(Stored dataset items)
──────────────────────────────

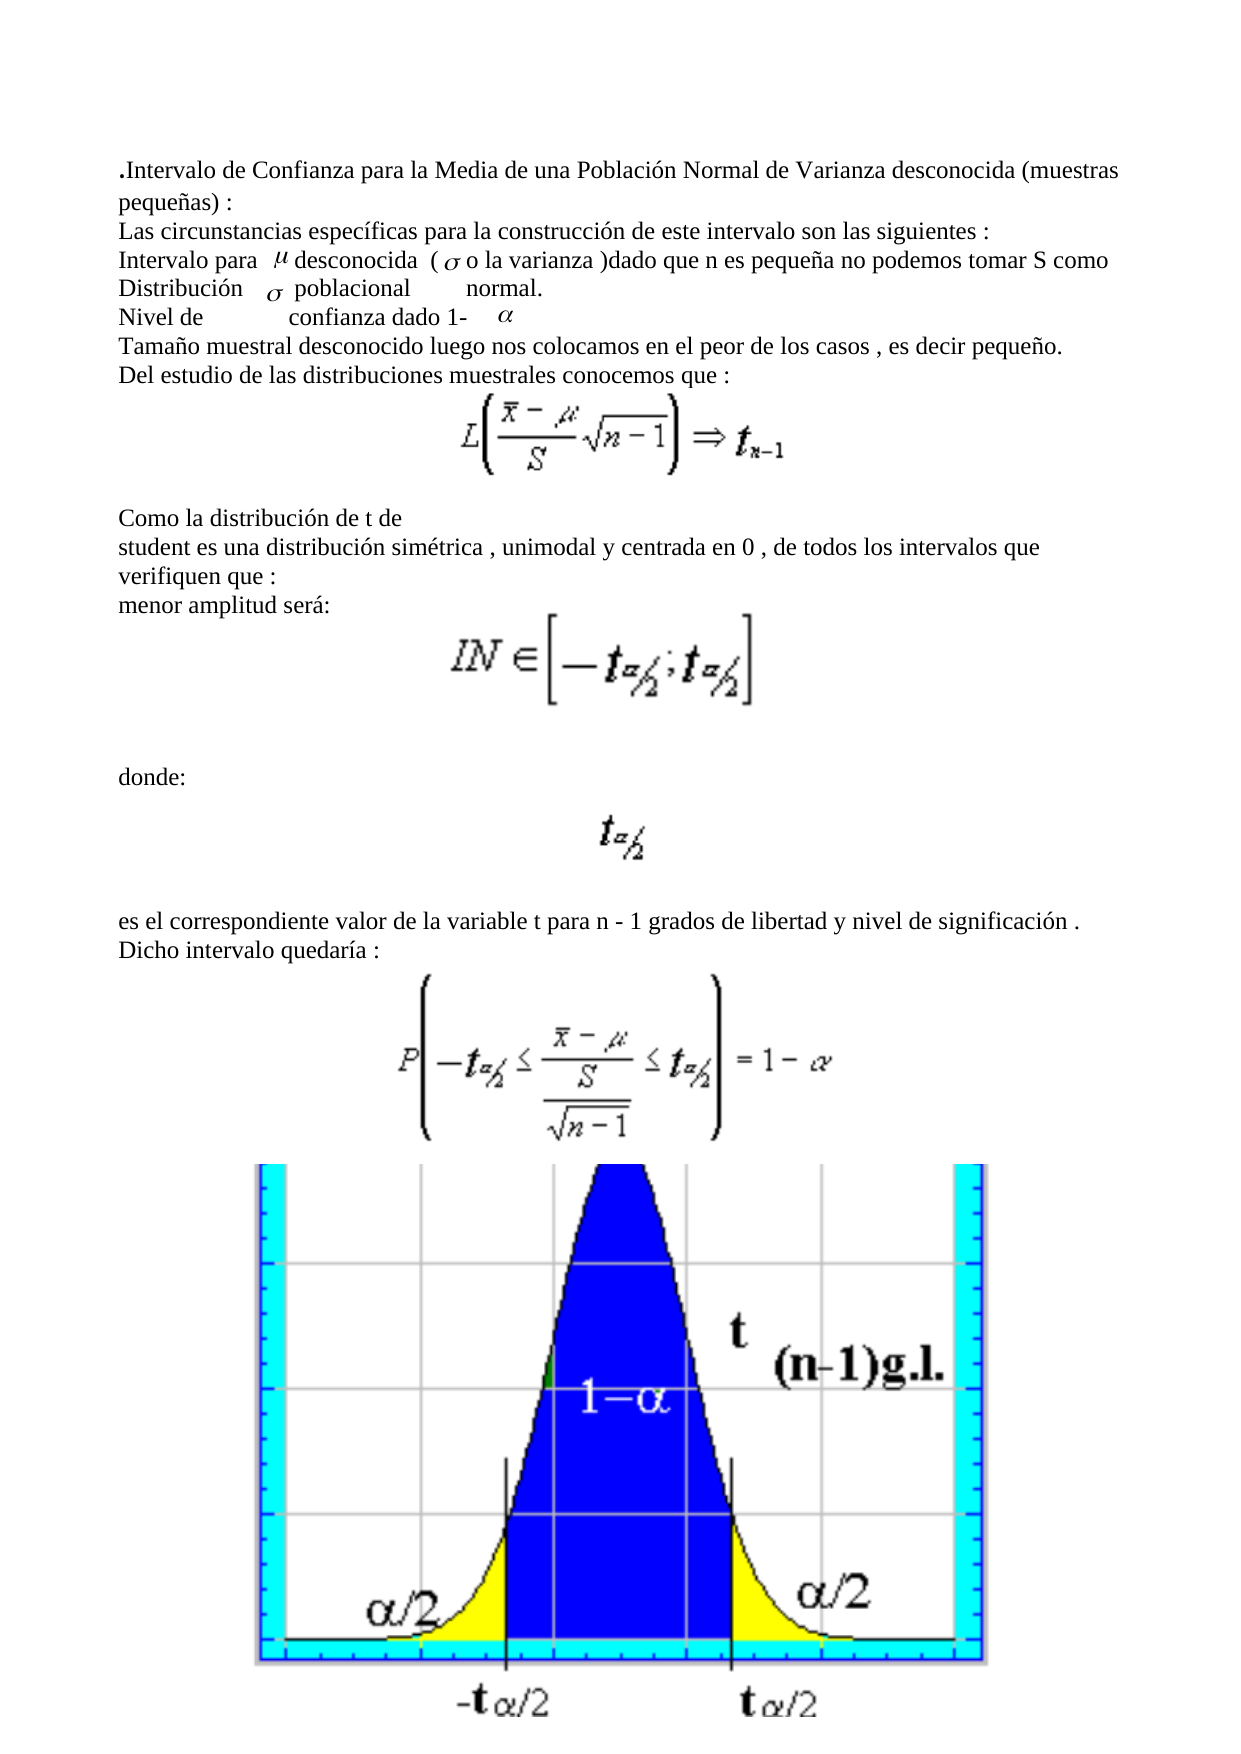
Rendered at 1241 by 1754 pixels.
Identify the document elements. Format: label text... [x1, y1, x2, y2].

text [805, 590, 1122, 618]
text Tamaño muestral desconocido luego nos colocamos en el peor de los casos , es decir pequeño. [118, 331, 1122, 360]
text es el correspondiente valor de la variable t para n - 1 grados de libertad y nivel de significación . Dicho intervalo quedaría : [118, 906, 1122, 963]
text Las circunstancias específicas para la construcción de este intervalo son las siguientes : [118, 216, 1122, 245]
picture [437, 388, 804, 505]
picture [241, 1164, 999, 1717]
text donde: [118, 762, 1122, 791]
text Como la distribución de t de student es una distribución simétrica , unimodal y centrada en 0 , de todos los intervalos que verifiquen que : [118, 503, 1122, 590]
picture [392, 963, 848, 1154]
text menor amplitud será: [118, 590, 436, 618]
text .Intervalo de Confianza para la Media de una Población Normal de Varianza desconocida (muestras pequeñas) : [118, 147, 1122, 216]
text Intervalo para desconocida ( o la varianza )dado que n es pequeña no podemos tomar S como [118, 245, 1122, 273]
text Distribución poblacional normal. [118, 273, 1122, 302]
text Del estudio de las distribuciones muestrales conocemos que : [118, 360, 1122, 388]
picture [436, 589, 805, 748]
picture [577, 791, 664, 881]
text Nivel de confianza dado 1- [118, 302, 1122, 331]

──────────────────────────────

* **What is needed**: Could you copy every record exactly, without the pictures?

* **Answer to this exercise**:
Rendered at 1241 by 1754 pixels.
Identify the document elements. Format: label text... [x1, y1, x2, y2].

text [805, 590, 1122, 618]
text Tamaño muestral desconocido luego nos colocamos en el peor de los casos , es decir pequeño. [118, 331, 1122, 360]
text es el correspondiente valor de la variable t para n - 1 grados de libertad y nivel de significación . Dicho intervalo quedaría : [118, 906, 1122, 963]
text Las circunstancias específicas para la construcción de este intervalo son las siguientes : [118, 216, 1122, 245]
picture [437, 388, 804, 505]
picture [241, 1164, 999, 1717]
text donde: [118, 762, 1122, 791]
text Como la distribución de t de student es una distribución simétrica , unimodal y centrada en 0 , de todos los intervalos que verifiquen que : [118, 503, 1122, 590]
picture [392, 963, 848, 1154]
text menor amplitud será: [118, 590, 436, 618]
text .Intervalo de Confianza para la Media de una Población Normal de Varianza desconocida (muestras pequeñas) : [118, 147, 1122, 216]
text Intervalo para desconocida ( o la varianza )dado que n es pequeña no podemos tomar S como [118, 245, 1122, 273]
text Distribución poblacional normal. [118, 273, 1122, 302]
text Del estudio de las distribuciones muestrales conocemos que : [118, 360, 1122, 388]
picture [436, 589, 805, 748]
picture [577, 791, 664, 881]
text Nivel de confianza dado 1- [118, 302, 1122, 331]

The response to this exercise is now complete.